→ **Exercise objective**
Locate and copy each line in the data that contains the word "Ruimtenr".

→ **Entries provided**
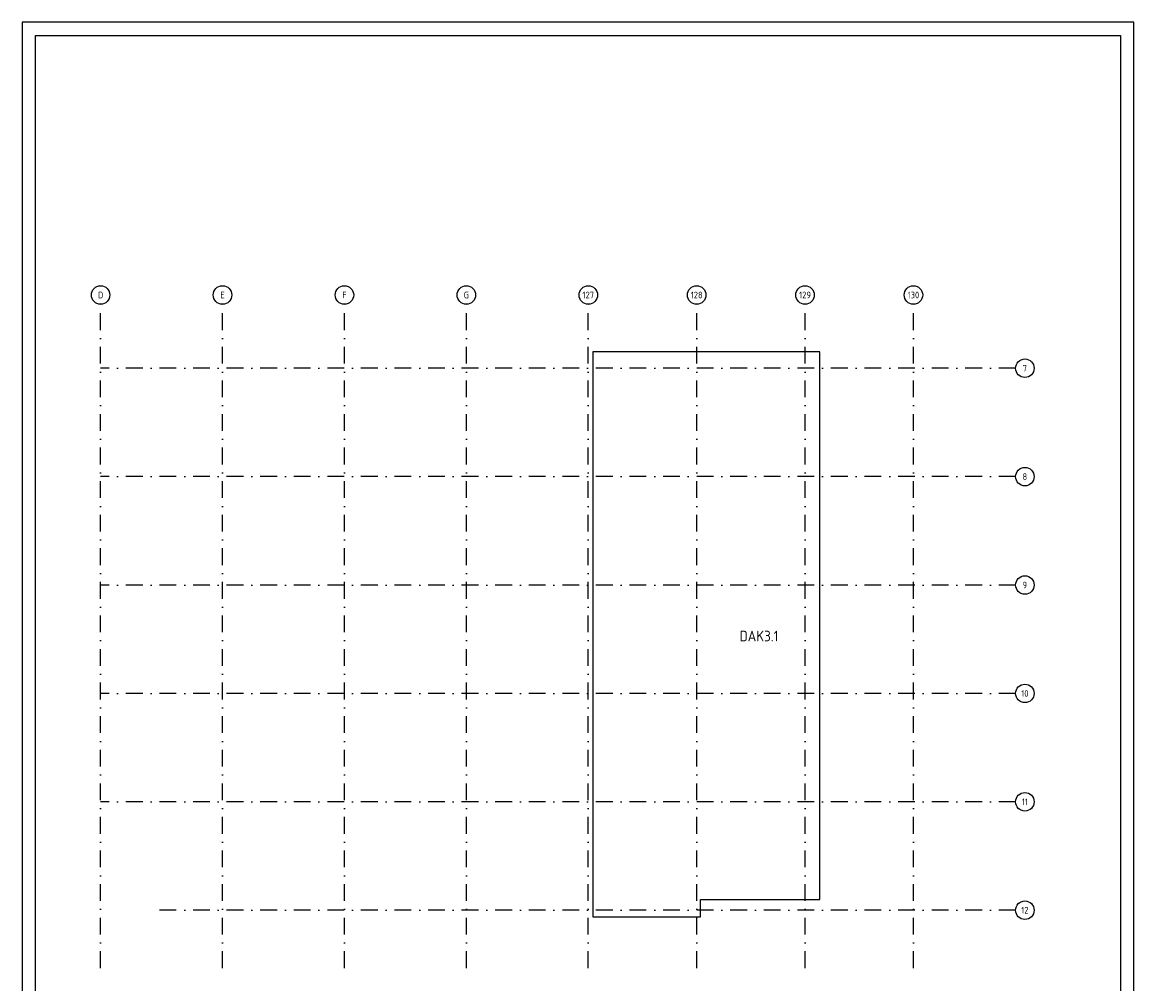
# Model space of a CAD drawing. Header units: millimetres. Extents: x 50336 to 92386, y 87937 to 147387.
# Tile 2 of 2: x 50336 to 92386, y 111017 to 147387. Entities that reach past the tile are written whole.
import ezdxf
from ezdxf.enums import TextEntityAlignment as Align

# ---------------------------------------------------------------- set-up
doc = ezdxf.new("R2010")
doc.units = ezdxf.units.MM
doc.header["$LTSCALE"] = 50
doc.linetypes.add('DASHDOT', pattern=[25.4, 12.7, -6.35, 0, -6.35])
doc.layers.get('0').update_dxf_attribs({"linetype": 'CONTINUOUS'})
for name, color, linetype in [('AL27----', 8, 'CONTINUOUS'), ('BL$2----_Kader-modelspace', 252, 'CONTINUOUS'), ('BL$7----', 1, 'CONTINUOUS'), ('BL$7----_TEKST', 4, 'CONTINUOUS'), ('BL$8----_TEKST', 3, 'CONTINUOUS'), ('BL$8----_Tekst-GGBR', 2, 'CONTINUOUS')]:
    doc.layers.add(name, color=color, linetype=linetype)
doc.styles.add('BURO-025', font='isocp.shx')
doc.styles.add('BURO-035', font='isocp.shx')
doc.styles.add('BURO-050', font='isocp.shx', dxfattribs={"height": 250})

# ---------------------------------------------------------------- blocks, each defined once
blk = doc.blocks.new('Ruimtenr')
at = {"layer": 'BL$8----_TEKST', "style": 'BURO-035'}
blk.add_attdef('LOKATIENUMMER', text='', height=1, dxfattribs=at).set_placement((0, 0), align=Align.MIDDLE_CENTER)
at = {"layer": 'BL$8----_TEKST', "color": 2, "style": 'BURO-025', "flags": 1}
blk.add_attdef('GEB-LOK-NUMMER', text='', height=0.75, dxfattribs=at).set_placement((0, -0.25), align=Align.MIDDLE_CENTER)

msp = doc.modelspace()

# ---------------------------------------------------------------- linework, layer by layer
at = {"layer": 'AL27----'}
msp.add_lwpolyline([(80515, 134925), (71928, 134925), (71928, 113555), (76000, 113555), (76000, 114200), (80515, 114200)], close=True, dxfattribs=at)
at = {"layer": 'BL$2----_Kader-modelspace', "color": 1}
msp.add_lwpolyline([(92386, 87937), (92386, 147387), (50336, 147387), (50336, 87937)], close=True, dxfattribs=at)
at = {"layer": 'BL$2----_Kader-modelspace', "color": 9}
msp.add_lwpolyline([(50836, 146887), (91886, 146887), (91886, 93437), (82686, 93437), (82686, 88437), (50836, 88437)], close=True, dxfattribs=at)
at = {"layer": 'BL$7----', "linetype": 'DASHDOT'}
for p, q in [((53300, 111612), (53300, 136720)), ((57912, 111612), (57912, 136720)), ((62525, 111612), (62525, 136720)), ((67138, 111612), (67138, 136720)), ((71750, 111612), (71750, 136720)), ((75850, 111612), (75850, 136720)), ((79950, 111612), (79950, 136720)), ((84050, 111612), (84050, 136720)), ((87916, 134300), (53300, 134300)), ((87916, 130200), (53300, 130200)), ((87916, 126100), (53300, 126100)), ((87916, 122000), (53300, 122000)), ((87916, 117900), (53300, 117900)), ((87916, 113800), (55366, 113800))]:
    msp.add_line(p, q, dxfattribs=at)
at = {"layer": 'BL$7----'}
for centre in [(53300, 137070), (57912, 137070), (62525, 137070), (67138, 137070), (71750, 137070), (75850, 137070), (79950, 137070), (84050, 137070), (88266, 134300), (88266, 130200), (88266, 126100), (88266, 122000), (88266, 117900), (88266, 113800)]:
    msp.add_circle(centre, 350, dxfattribs=at)

# ---------------------------------------------------------------- block references
at = {"layer": 'BL$8----_Tekst-GGBR'}
ref = msp.add_blockref('Ruimtenr', (78206, 124170), dxfattribs=dict(at, xscale=400, yscale=400, zscale=400))
ref.add_attrib('LOKATIENUMMER', 'DAK3.1', dxfattribs={"layer": '0', "height": 400, "style": 'BURO-035'}).set_placement((78206, 124170), align=Align.MIDDLE_CENTER)

# ---------------------------------------------------------------- texts
at = {"layer": 'BL$7----_TEKST', "style": 'BURO-050'}
for s, p in [('D', (53300, 137070)), ('E', (57912, 137070)), ('F', (62525, 137070)), ('G', (67138, 137070)), ('127', (71750, 137070)), ('128', (75850, 137070)), ('129', (79950, 137070)), ('130', (84050, 137070)), ('7', (88266, 134300)), ('8', (88266, 130200)), ('9', (88266, 126100)), ('10', (88266, 122000)), ('11', (88266, 117900)), ('12', (88266, 113800))]:
    msp.add_text(s, height=250, dxfattribs=at).set_placement(p, align=Align.MIDDLE)

doc.saveas('drawing.dxf')
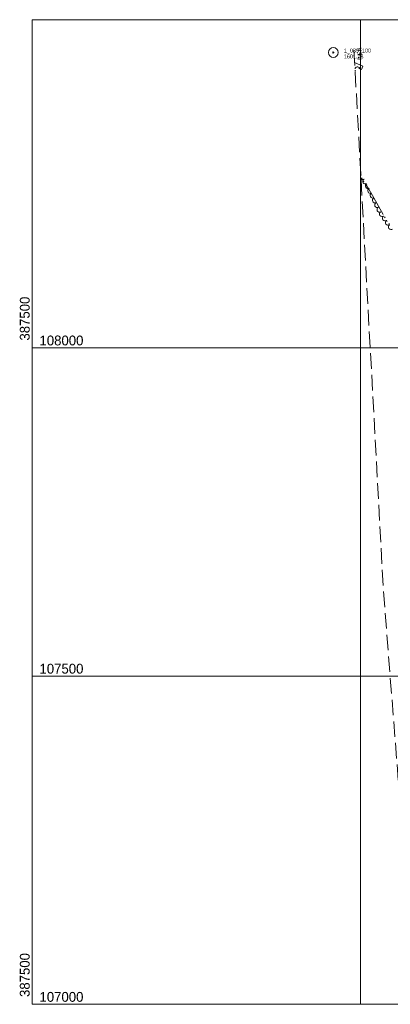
# Model space of a CAD drawing. Header units: feet. Extents: x 387481 to 389859, y 107000 to 108506.
# Tile 1 of 9: x 387481 to 388046, y 107000 to 108500. Entities that reach past the tile are written whole.
import ezdxf
from ezdxf.enums import TextEntityAlignment as Align

# ---------------------------------------------------------------- set-up
doc = ezdxf.new("R2010")
doc.units = ezdxf.units.FT
doc.header["$MEASUREMENT"] = 0
doc.linetypes.add('DGN Style 3', pattern=[33.050332, 23.60738, -9.442952])
doc.linetypes.add('DGN Style 6', pattern=[44.901237, 0.023607, -9.442952, 16.525166, -9.442952, 0.023607, -9.442952])
for name, color, linetype, lineweight in [('E_LAND_Vegetation', 21, 'Continuous', 0), ('E_MAP_GridLines', 251, 'Continuous', 0), ('E_MAP_Limits', 21, 'DGN Style 3', 0), ('E_MAP_PassPoints', 40, 'Continuous', 0), ('E_WTR', 251, 'DGN Style 6', 0), ('E_WTR_Dock_Pier', 251, 'DGN Style 3', 0), ('E_WTR_Text', 251, 'Continuous', 0)]:
    doc.layers.add(name, color=color, linetype=linetype, lineweight=lineweight)
doc.styles.add('Style-IGR_FONT_0', font='IGR_FONT_0.shx')

# ---------------------------------------------------------------- blocks, each defined once
blk = doc.blocks.new('PP')
at = {"layer": 'E_MAP_PassPoints', "color": 40, "linetype": 'Continuous', "lineweight": 0}
for radius in [7.5, 0.96]:
    blk.add_circle((0, 0), radius, dxfattribs=at)
blk = doc.blocks.new('PIER')
at = {"layer": 'E_WTR_Text', "color": 161, "linetype": 'Continuous', "lineweight": 0, "style": 'Style-IGR_FONT_0'}
blk.add_text('PIER', height=6, rotation=0, dxfattribs=at).set_placement((0.2, 0.3), align=Align.MIDDLE_LEFT)

msp = doc.modelspace()

# ---------------------------------------------------------------- linework, layer by layer
at = {"layer": 'E_LAND_Vegetation', "color": 93, "linetype": 'Continuous', "lineweight": 0}
for centre, start, end in [((387995.8, 108424.1), 34.8977, 168.5005), ((387995.8, 108424.1), 197.7356, 214.8824), ((387989.2, 108419.5), 34.8977, 46.0254), ((387999.5, 108267.3), 286.6918, 300.7554), ((388003.6, 108260.4), 120.7708, 136.9999), ((388003.6, 108260.4), 229.2362, 300.7554), ((388007.7, 108253.6), 120.7708, 300.7554), ((388011.8, 108246.5), 116.0025, 295.9872), ((388015.3, 108239.3), 116.0025, 295.9872), ((388018.9, 108232.2), 116.0025, 295.9872), ((388022.4, 108225), 116.0025, 295.9872), ((388025.9, 108217.8), 116.0025, 295.9872), ((388029.4, 108210.6), 116.0025, 295.9872), ((388033.2, 108204), 124.8015, 304.7861), ((388037.8, 108197.4), 124.8015, 304.7861), ((388042.3, 108190.8), 124.8015, 304.7861), ((388046.9, 108184.3), 125.6597, 305.6443)]:
    msp.add_arc(centre, 4, start, end, dxfattribs=at)
at = {"layer": 'E_MAP_GridLines', "color": 161, "linetype": 'Continuous', "lineweight": 0}
for p, q in [((387500, 107000), (387500, 108500)), ((387500, 108500), (389000, 108500)), ((388000, 107000), (388000, 108500)), ((387500, 108000), (389000, 108000)), ((387500, 107500), (389000, 107500)), ((387500, 107000), (389000, 107000))]:
    msp.add_line(p, q, dxfattribs=at)
at = {"layer": 'E_MAP_Limits', "color": 73, "linetype": 'DGN Style 3', "lineweight": 0, "flags": 128}
msp.add_lwpolyline([(387990.3, 108453.8), (388034.8, 107636.8), (388082.2, 107027.5)], dxfattribs=at)
at = {"layer": 'E_WTR', "color": 161, "linetype": 'Continuous', "lineweight": 0, "flags": 128}
for points in [[(388002.7, 108257.6), (388001.8, 108259.1)], [(388005.5, 108253.2), (388004.6, 108254.7)], [(388020.6, 108228.7), (388012.7, 108241.7), (388007.3, 108250.3)], [(388035, 108203.3), (388020.6, 108228.7)], [(388038, 108198), (388037, 108199.8)], [(388041, 108192.8), (388040, 108194.5)], [(388044.4, 108187.8), (388043.2, 108189.4)]]:
    msp.add_lwpolyline(points, dxfattribs=at)
at = {"layer": 'E_WTR_Dock_Pier', "color": 161, "linetype": 'DGN Style 3', "lineweight": 0, "flags": 128}
msp.add_lwpolyline([(387991.3, 108434.7), (388003.9, 108429), (388001.6, 108424), (387991.7, 108428.6)], dxfattribs=at)

# ---------------------------------------------------------------- block references
at = {"layer": 'E_MAP_PassPoints', "color": 40, "linetype": 'Continuous', "lineweight": 0}
msp.add_blockref('PP', (387958.8, 108450), dxfattribs=at)
at = {"layer": 'E_WTR_Text', "color": 161, "linetype": 'Continuous', "lineweight": 0, "xscale": 0.9999992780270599, "yscale": 0.9999992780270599, "zscale": 0.9999992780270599, "rotation": 90.67369792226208}
msp.add_blockref('PIER', (387999.4, 108438.1), dxfattribs=at)

# ---------------------------------------------------------------- texts
at = {"layer": 'E_MAP_GridLines', "color": 161, "linetype": 'Continuous', "lineweight": 0, "style": 'Style-IGR_FONT_0'}
for p in [(387496.2, 108000), (387496.2, 107000)]:
    msp.add_text('  387500  ', height=15, rotation=90, dxfattribs=at).set_placement(p)
for s, p in [('  108000  ', (387500, 108003.8)), ('  107500  ', (387500, 107503.8)), ('  107000  ', (387500, 107003.8))]:
    msp.add_text(s, height=15, dxfattribs=at).set_placement(p)
at = {"layer": 'E_MAP_PassPoints', "color": 40, "linetype": 'Continuous', "lineweight": 0, "style": 'Style-IGR_FONT_0'}
for s, p in [('1_039_100', (387974.8, 108450)), ('1601.78', (387974.8, 108441))]:
    msp.add_text(s, height=6, dxfattribs=at).set_placement(p)

doc.saveas('drawing.dxf')

→ **The answer**
blk = doc.blocks.new('Ruimtenr')
ref = msp.add_blockref('Ruimtenr', (78206, 124170), dxfattribs=dict(at, xscale=400, yscale=400, zscale=400))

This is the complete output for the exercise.